Laila è invece una ragazza più fortunata. Nonostante debba sopportare la sofferenza per la morte dei fratelli partiti per la guerra, nella sua vita c’è spazio per lo studio, fortemente voluto da suo padre. Inoltre tra le braccia di Tariq, suo amico sin dall’infanzia, trova l’amore. Un amore non destinato a durare poiché anche Tariq si arruola per la guerra.

Un drammatico bombardamento farà incontrare Mariam e Laila, legate poi per sempre dalla volontà di combattere i soprusi di Rashid, di proteggere i figli di Laila, di conquistare la libertà.
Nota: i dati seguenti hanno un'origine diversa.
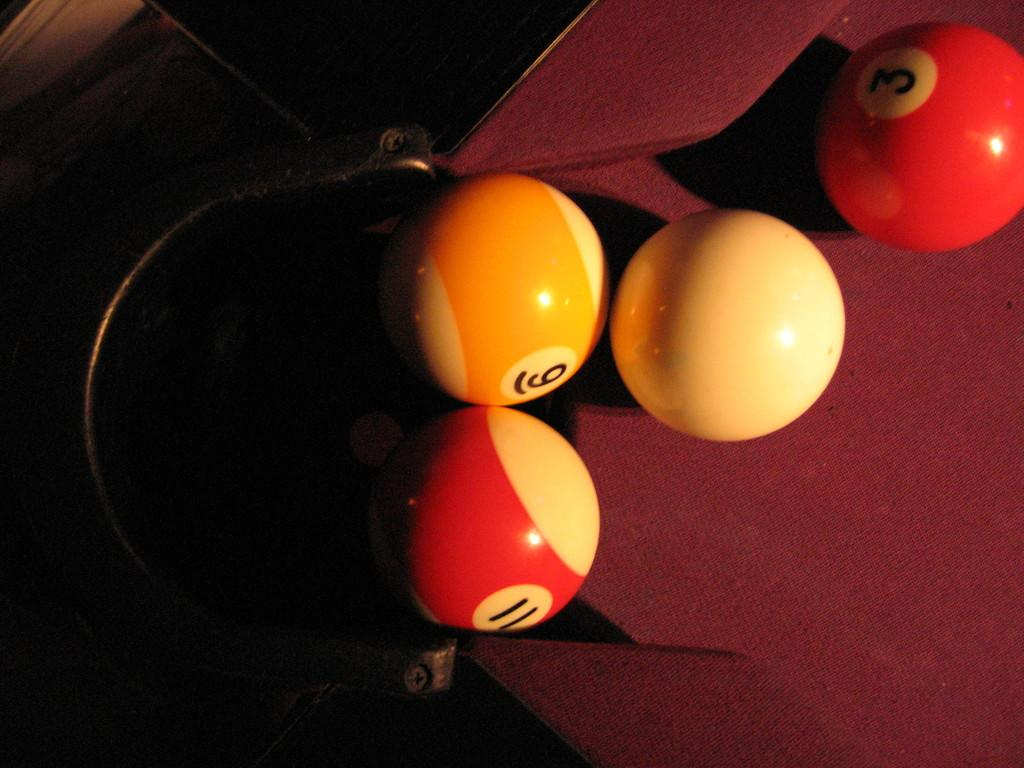<image>
Render a clear and concise summary of the photo. cueball and ball numbers 3, 9, and 11 at a corner of a pool table

La storia profonda di un’amicizia vera e solidale tra due donne oppresse dalle convenzioni sociali e dalla guerra. Un romanzo di denuncia che da voce a tutte le donne che soffrono silenziosamente ogni giorno e che non hanno mezzi per ribellarsi. Ma troviamo anche la speranza e la forza dell’amore ancor più accentuata in situazioni critiche come i conflitti civili.

Con maestria Khaled Hosseini ha scritto un romanzo dal sapore epico e immortale, destinato a restare nella storia della letteratura quale testimonianza di quelle vicende di cui non si sente parlare nei telegiornali.

La lettura è scorrevole e incuriosisce progressivamente il lettore regalando ogni sorta di emozioni. L’autore dimostra di essere perfettamente in grado di descrivere dei fatti dal punto di vista femminile, contrariamente a “Il cacciatore di aquiloni” che invece ha protagonisti maschili.

Sicuramente uno dei libri più belli che abbia mai letto.